4. Non affecté à la lecture :
Rawson et al. : Clonage de l'enzyme de clivage du site 1 de la protéine régulatrice des stérols. (Jingshi Shen)

Nouvelles directions en mutagenèse et analyse de mutants

A lire pour la discussion la prochaine fois :

1. Mélange d'ADN
Crameri A, Raillard SA, Bermudez E, Stemmer WP Nature 1998 39:288-91 Le remaniement de l'ADN d'une famille de gènes de diverses espèces accélère l'évolution dirigée. (Adam Meshel)

2. Caractérisation des phénotypes mutants par analyse de puces à ADN
Sudarsanam P, Iyer VR, Brown PO, Winston F. Proc Natl Acad Sci U S A 2000 mars 2897 (7) : 3364-3369. Analyse de l'expression du génome entier de mutants snf/swi de Saccharomyces
cerevisiae. (David Champs)

3. Empreinte génétique.
Laurent LC, Olsen MN, Crowley RA, Savilahti H, Brown PO. Caractérisation fonctionnelle du génome du virus de l'immunodéficience humaine de type 1 par empreinte génétique. J Virol. 2000 mars74(6):2760-9.

Documents connexes supplémentaires :
Cartographie fonctionnelle haute résolution d'un gène cloné par empreinte génétique.
Proc Natl Acad Sci U S A. 1997 février 1894(4):1304-9.

Smith V, Chou KN, Lashkari D, Botstein D, Brown PO. Analyse fonctionnelle des gènes du chromosome V de levure par empreinte génétique.Science. 1996 déc. 20274 (5295) : 2069-74.

Smith V, Botstein D, Brown PO. Empreinte génétique : une stratégie génomique pour déterminer la fonction d'un gène compte tenu de sa séquence. Proc Natl Acad Sci U S A. 1995 juillet 392 (14) : 6479-83.

Goryshin IY, Miller JA, Kil YV, Lanzov VA, Reznikoff WS. Proc Natl Acad Sci U S A. 1998 95(18): 10716-21. Reconnaissance de cible Tn5/IS50.
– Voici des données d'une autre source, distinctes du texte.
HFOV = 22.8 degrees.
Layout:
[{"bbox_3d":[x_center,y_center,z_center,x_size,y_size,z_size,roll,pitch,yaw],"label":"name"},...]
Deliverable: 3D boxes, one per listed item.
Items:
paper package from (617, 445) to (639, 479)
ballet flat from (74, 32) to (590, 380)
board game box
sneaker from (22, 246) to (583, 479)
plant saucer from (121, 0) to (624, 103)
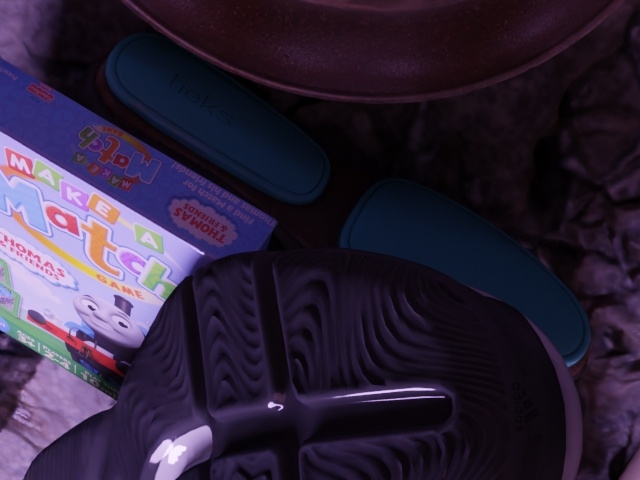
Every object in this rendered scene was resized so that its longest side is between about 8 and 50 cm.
[{"bbox_3d":[0.193,0.245,0.742,0.168,0.309,0.325,22,127,0],"label":"paper package"},{"bbox_3d":[0.000,0.000,0.784,0.280,0.095,0.096,34,136,6],"label":"ballet flat"},{"bbox_3d":[-0.110,0.013,0.789,0.160,0.039,0.211,30,150,7],"label":"board game box"},{"bbox_3d":[0.038,0.118,0.747,0.257,0.169,0.447,4,160,-27],"label":"sneaker"},{"bbox_3d":[0.011,-0.205,0.663,0.310,0.050,0.310,8,125,11],"label":"plant saucer"}]
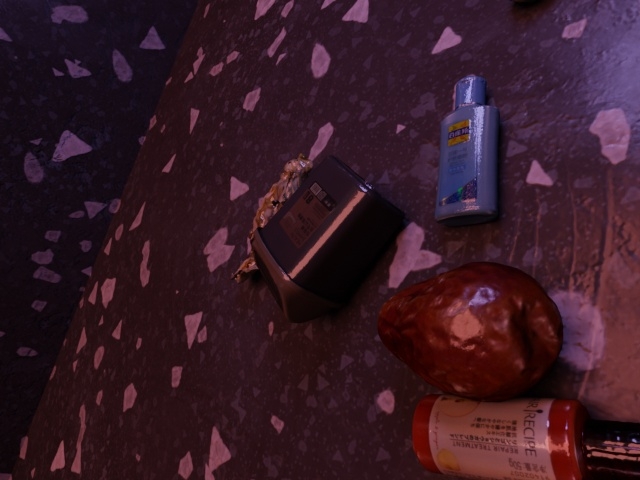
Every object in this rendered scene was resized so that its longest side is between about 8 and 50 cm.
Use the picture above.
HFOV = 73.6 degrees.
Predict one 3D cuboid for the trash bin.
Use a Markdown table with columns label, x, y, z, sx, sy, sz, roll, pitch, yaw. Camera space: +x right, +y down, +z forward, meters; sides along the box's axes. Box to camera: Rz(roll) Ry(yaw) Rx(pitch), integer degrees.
| label | x | y | z | sx | sy | sz | roll | pitch | yaw |
| --- | --- | --- | --- | --- | --- | --- | --- | --- | --- |
| trash bin | 0.000 | 0.000 | 0.836 | 0.290 | 0.182 | 0.209 | -50 | 44 | 12 |

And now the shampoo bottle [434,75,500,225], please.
| label | x | y | z | sx | sy | sz | roll | pitch | yaw |
| --- | --- | --- | --- | --- | --- | --- | --- | --- | --- |
| shampoo bottle | 0.249 | -0.155 | 0.722 | 0.104 | 0.061 | 0.258 | -8 | 68 | 45 |

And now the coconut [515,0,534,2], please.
| label | x | y | z | sx | sy | sz | roll | pitch | yaw |
| --- | --- | --- | --- | --- | --- | --- | --- | --- | --- |
| coconut | 0.351 | -0.447 | 0.726 | 0.083 | 0.081 | 0.082 | -44 | 22 | -26 |

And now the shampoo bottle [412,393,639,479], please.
| label | x | y | z | sx | sy | sz | roll | pitch | yaw |
| --- | --- | --- | --- | --- | --- | --- | --- | --- | --- |
| shampoo bottle | 0.256 | 0.244 | 0.517 | 0.278 | 0.104 | 0.104 | -16 | 63 | 41 |

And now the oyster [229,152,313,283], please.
| label | x | y | z | sx | sy | sz | roll | pitch | yaw |
| --- | --- | --- | --- | --- | --- | --- | --- | --- | --- |
| oyster | -0.102 | -0.039 | 1.026 | 0.354 | 0.107 | 0.201 | -57 | 21 | 30 |

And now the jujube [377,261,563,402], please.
| label | x | y | z | sx | sy | sz | roll | pitch | yaw |
| --- | --- | --- | --- | --- | --- | --- | --- | --- | --- |
| jujube | 0.187 | 0.118 | 0.587 | 0.255 | 0.190 | 0.189 | -6 | 69 | 56 |
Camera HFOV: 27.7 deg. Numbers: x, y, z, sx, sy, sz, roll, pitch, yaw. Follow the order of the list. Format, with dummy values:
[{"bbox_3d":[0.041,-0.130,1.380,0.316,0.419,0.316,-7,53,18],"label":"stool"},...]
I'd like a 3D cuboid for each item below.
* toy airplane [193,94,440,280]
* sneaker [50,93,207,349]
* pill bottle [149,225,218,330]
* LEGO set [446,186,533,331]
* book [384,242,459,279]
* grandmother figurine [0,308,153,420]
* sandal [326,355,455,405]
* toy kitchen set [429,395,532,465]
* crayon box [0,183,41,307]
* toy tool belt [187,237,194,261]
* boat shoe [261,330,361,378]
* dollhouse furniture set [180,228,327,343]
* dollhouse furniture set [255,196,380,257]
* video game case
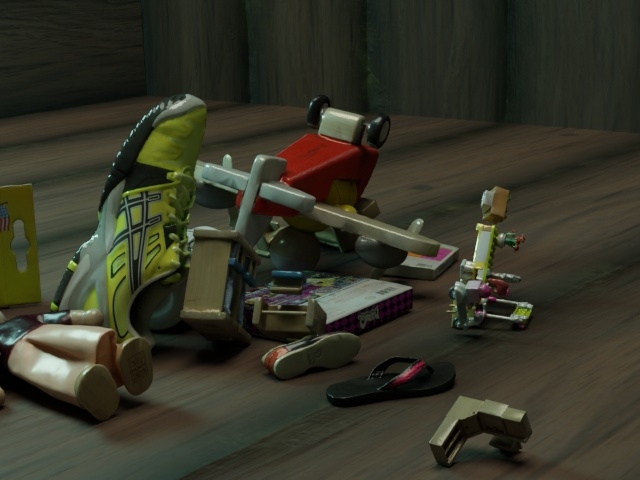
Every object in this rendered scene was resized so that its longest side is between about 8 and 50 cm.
[{"bbox_3d":[-0.038,-0.054,2.111,0.384,0.272,0.386,-2,29,-19],"label":"toy airplane"},{"bbox_3d":[-0.231,-0.016,1.814,0.147,0.384,0.145,24,3,19],"label":"sneaker"},{"bbox_3d":[-0.215,0.051,1.987,0.121,0.121,0.221,2,14,17],"label":"pill bottle"},{"bbox_3d":[0.270,0.045,1.927,0.107,0.132,0.287,8,38,16],"label":"LEGO set"},{"bbox_3d":[0.170,0.032,2.208,0.096,0.035,0.144,7,16,22],"label":"book"},{"bbox_3d":[-0.369,0.139,1.682,0.342,0.104,0.208,9,23,37],"label":"grandmother figurine"},{"bbox_3d":[0.092,0.170,1.622,0.179,0.040,0.067,-8,15,-24],"label":"sandal"},{"bbox_3d":[0.178,0.223,1.404,0.083,0.068,0.075,9,45,37],"label":"toy kitchen set"},{"bbox_3d":[-0.606,0.014,2.031,0.318,0.202,0.081,-4,14,-15],"label":"crayon box"},{"bbox_3d":[-0.172,0.019,1.888,0.051,0.052,0.083,-39,9,22],"label":"toy tool belt"},{"bbox_3d":[-0.011,0.148,1.718,0.137,0.049,0.043,-15,19,-27],"label":"boat shoe"},{"bbox_3d":[-0.078,0.069,1.789,0.184,0.129,0.129,2,-18,14],"label":"dollhouse furniture set"},{"bbox_3d":[0.000,0.000,2.313,0.161,0.101,0.182,-40,34,-29],"label":"dollhouse furniture set"},{"bbox_3d":[-0.011,0.098,1.933,0.210,0.042,0.232,8,17,36],"label":"video game case"}]
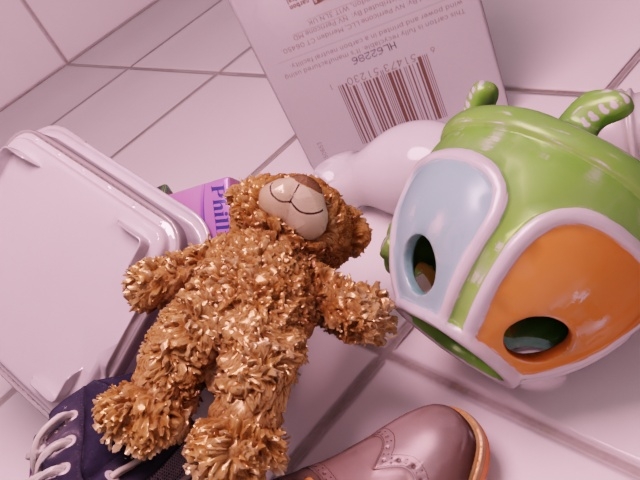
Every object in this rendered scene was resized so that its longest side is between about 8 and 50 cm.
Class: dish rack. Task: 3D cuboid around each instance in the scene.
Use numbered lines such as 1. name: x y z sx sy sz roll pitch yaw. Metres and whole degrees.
1. dish rack: -0.306 0.033 0.761 0.333 0.072 0.285 31 92 25

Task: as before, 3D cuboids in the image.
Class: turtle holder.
1. turtle holder: 0.162 -0.006 0.644 0.320 0.243 0.227 30 82 41

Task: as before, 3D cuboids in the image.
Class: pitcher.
1. pitcher: 0.119 -0.102 0.914 0.207 0.125 0.178 -4 25 48

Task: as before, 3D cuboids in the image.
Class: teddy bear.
1. teddy bear: -0.063 0.056 0.606 0.245 0.113 0.338 25 58 32

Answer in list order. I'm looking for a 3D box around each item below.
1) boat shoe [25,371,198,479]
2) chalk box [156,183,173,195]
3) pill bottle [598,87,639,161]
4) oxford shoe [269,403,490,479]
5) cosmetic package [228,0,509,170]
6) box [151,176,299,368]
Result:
1. boat shoe: -0.212 0.219 0.551 0.127 0.158 0.340 -48 -14 18
2. chalk box: -0.255 0.016 1.003 0.213 0.132 0.132 -19 34 13
3. pill bottle: 0.413 -0.126 0.710 0.229 0.131 0.131 -6 40 30
4. oxford shoe: -0.016 0.244 0.536 0.364 0.132 0.130 -38 35 -13
5. cosmetic package: 0.084 -0.383 1.102 0.330 0.327 0.393 -18 35 16
6. box: -0.170 0.068 0.797 0.243 0.117 0.213 -14 74 20
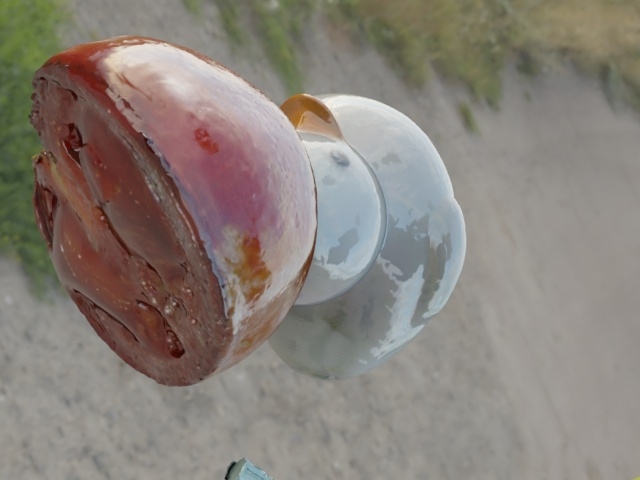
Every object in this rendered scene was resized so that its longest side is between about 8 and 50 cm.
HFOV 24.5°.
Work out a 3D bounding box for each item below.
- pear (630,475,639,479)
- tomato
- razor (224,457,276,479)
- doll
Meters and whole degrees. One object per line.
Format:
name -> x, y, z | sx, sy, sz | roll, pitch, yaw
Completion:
pear -> 0.246, 0.240, 0.939 | 0.198, 0.198, 0.198 | 55, 18, -27
tomato -> -0.080, -0.026, 0.913 | 0.200, 0.140, 0.233 | 53, -28, 13
razor -> 0.034, 0.186, 0.883 | 0.211, 0.036, 0.084 | 27, -2, -16
doll -> 0.000, 0.000, 1.152 | 0.221, 0.221, 0.251 | -79, 171, -65
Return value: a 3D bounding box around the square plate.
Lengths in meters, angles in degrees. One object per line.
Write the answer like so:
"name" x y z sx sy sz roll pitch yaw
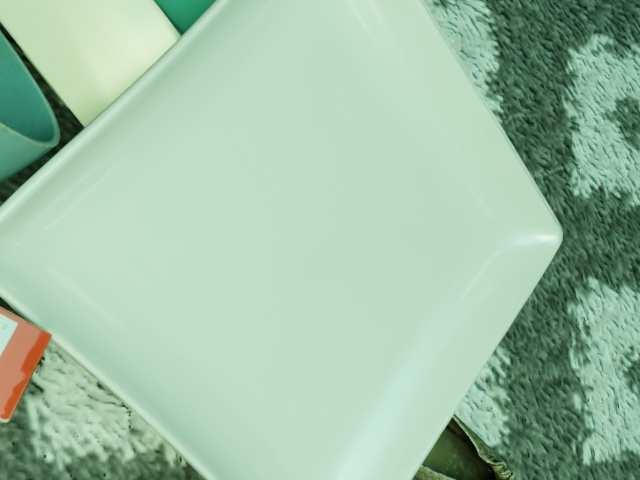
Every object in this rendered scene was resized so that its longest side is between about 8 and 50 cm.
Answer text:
"square plate" 0.000 0.000 0.620 0.347 0.049 0.344 -52 121 -23

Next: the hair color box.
"hair color box" -0.220 0.063 0.509 0.093 0.167 0.053 32 65 -20

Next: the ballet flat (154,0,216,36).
"ballet flat" -0.145 -0.362 0.661 0.483 0.164 0.182 51 45 -8

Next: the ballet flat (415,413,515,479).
"ballet flat" 0.068 0.142 0.717 0.250 0.058 0.084 43 62 -15

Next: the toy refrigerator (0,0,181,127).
"toy refrigerator" -0.199 -0.198 0.602 0.094 0.102 0.269 -38 100 -1

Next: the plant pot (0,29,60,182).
"plant pot" -0.305 -0.100 0.462 0.195 0.290 0.290 -39 101 1
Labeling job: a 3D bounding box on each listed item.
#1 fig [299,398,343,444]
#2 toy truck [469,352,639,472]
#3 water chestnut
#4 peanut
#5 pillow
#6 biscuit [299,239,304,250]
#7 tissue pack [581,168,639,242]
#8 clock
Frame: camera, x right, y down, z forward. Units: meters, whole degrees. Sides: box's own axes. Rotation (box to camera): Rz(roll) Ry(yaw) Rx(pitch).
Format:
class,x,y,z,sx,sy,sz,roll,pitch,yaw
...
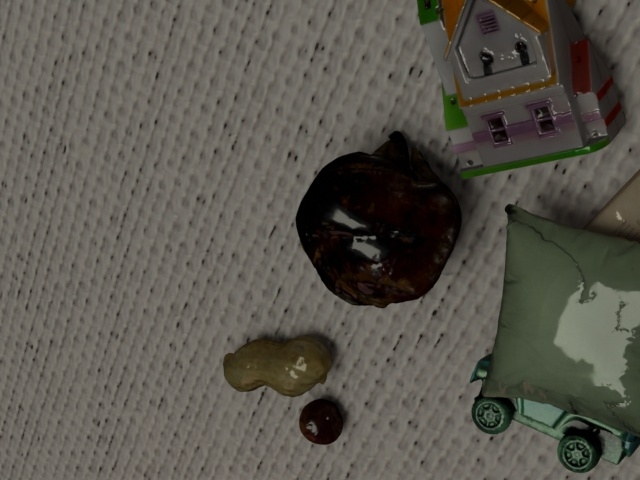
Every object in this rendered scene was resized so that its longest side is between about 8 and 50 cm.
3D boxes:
class,x,y,z,sx,sy,sz,roll,pitch,yaw
fig,-0.008,0.359,2.096,0.089,0.089,0.125,51,151,4
toy truck,0.384,0.261,1.739,0.279,0.155,0.156,22,104,25
water chestnut,0.096,-0.029,1.752,0.289,0.244,0.289,45,155,28
peanut,-0.090,0.243,2.075,0.263,0.101,0.117,-3,89,35
pillow,0.398,0.126,1.589,0.313,0.119,0.310,13,108,27
biscuit,0.000,0.000,1.956,0.084,0.023,0.084,14,117,29
tissue pack,0.526,-0.048,1.555,0.170,0.071,0.325,43,127,8
clock,0.281,-0.273,1.563,0.235,0.166,0.309,-10,112,36
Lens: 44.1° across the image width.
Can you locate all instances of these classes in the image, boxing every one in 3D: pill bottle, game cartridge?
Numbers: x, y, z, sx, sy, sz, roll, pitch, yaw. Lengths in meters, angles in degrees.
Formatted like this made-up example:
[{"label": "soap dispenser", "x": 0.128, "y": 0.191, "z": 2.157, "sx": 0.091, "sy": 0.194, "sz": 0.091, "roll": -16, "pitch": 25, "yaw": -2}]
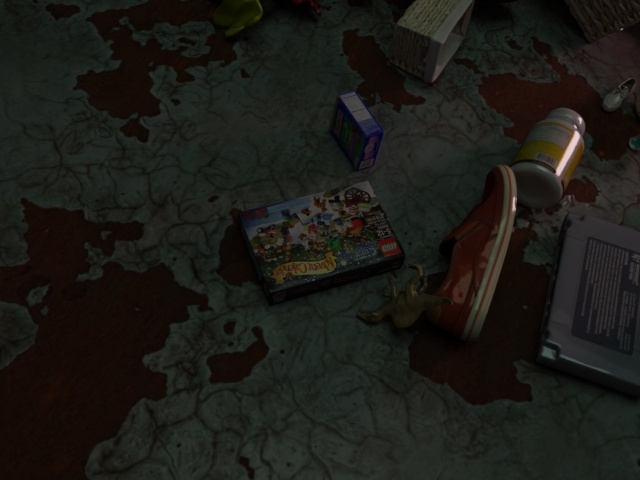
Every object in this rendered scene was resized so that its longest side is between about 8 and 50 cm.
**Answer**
[{"label": "pill bottle", "x": 0.404, "y": -0.150, "z": 1.399, "sx": 0.103, "sy": 0.103, "sz": 0.184, "roll": 28, "pitch": 57, "yaw": 12}, {"label": "game cartridge", "x": 0.465, "y": 0.100, "z": 1.269, "sx": 0.196, "sy": 0.060, "sz": 0.294, "roll": 17, "pitch": 56, "yaw": 9}]

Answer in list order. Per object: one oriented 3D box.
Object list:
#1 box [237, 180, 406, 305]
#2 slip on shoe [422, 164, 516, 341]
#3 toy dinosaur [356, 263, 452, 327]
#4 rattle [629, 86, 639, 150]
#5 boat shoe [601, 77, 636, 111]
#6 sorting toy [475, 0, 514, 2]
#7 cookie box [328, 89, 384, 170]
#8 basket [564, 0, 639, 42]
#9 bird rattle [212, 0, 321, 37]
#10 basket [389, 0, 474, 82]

Biologie G4054y. Semaine 14. 27 avril 2000

Dernier cours, pas de devoir.

Discussion des papiers assignés la dernière fois.

1. Mélange d'ADN
Crameri A, Raillard SA, Bermudez E, Stemmer WP Nature 1998 39: 288-91 Le remaniement de l'ADN d'une famille de gènes de diverses espèces accélère l'évolution dirigée.- (Adam Meshel)

2. Caractérisation des phénotypes mutants par analyse de puces à ADN
Sudarsanam P, Iyer VR, Brown PO, Winston F. Proc Natl Acad Sci U S A 2000 mars 2897 (7) : 3364-3369. Analyse de l'expression du génome entier de mutants snf/swi de Saccharomyces cerevisiae.

3. Empreinte génétique.
Laurent LC, Olsen MN, Crowley RA, Savilahti H, Brown PO. Caractérisation fonctionnelle du génome du virus de l'immunodéficience humaine de type 1 par empreinte génétique. J Virol. 2000 mars74(6):2760-9.


Voir la vidéo: Cours Biotechnologies Microbiologie Partie 1: Analyse microbiologique dun produit polymicrobien (Décembre 2022).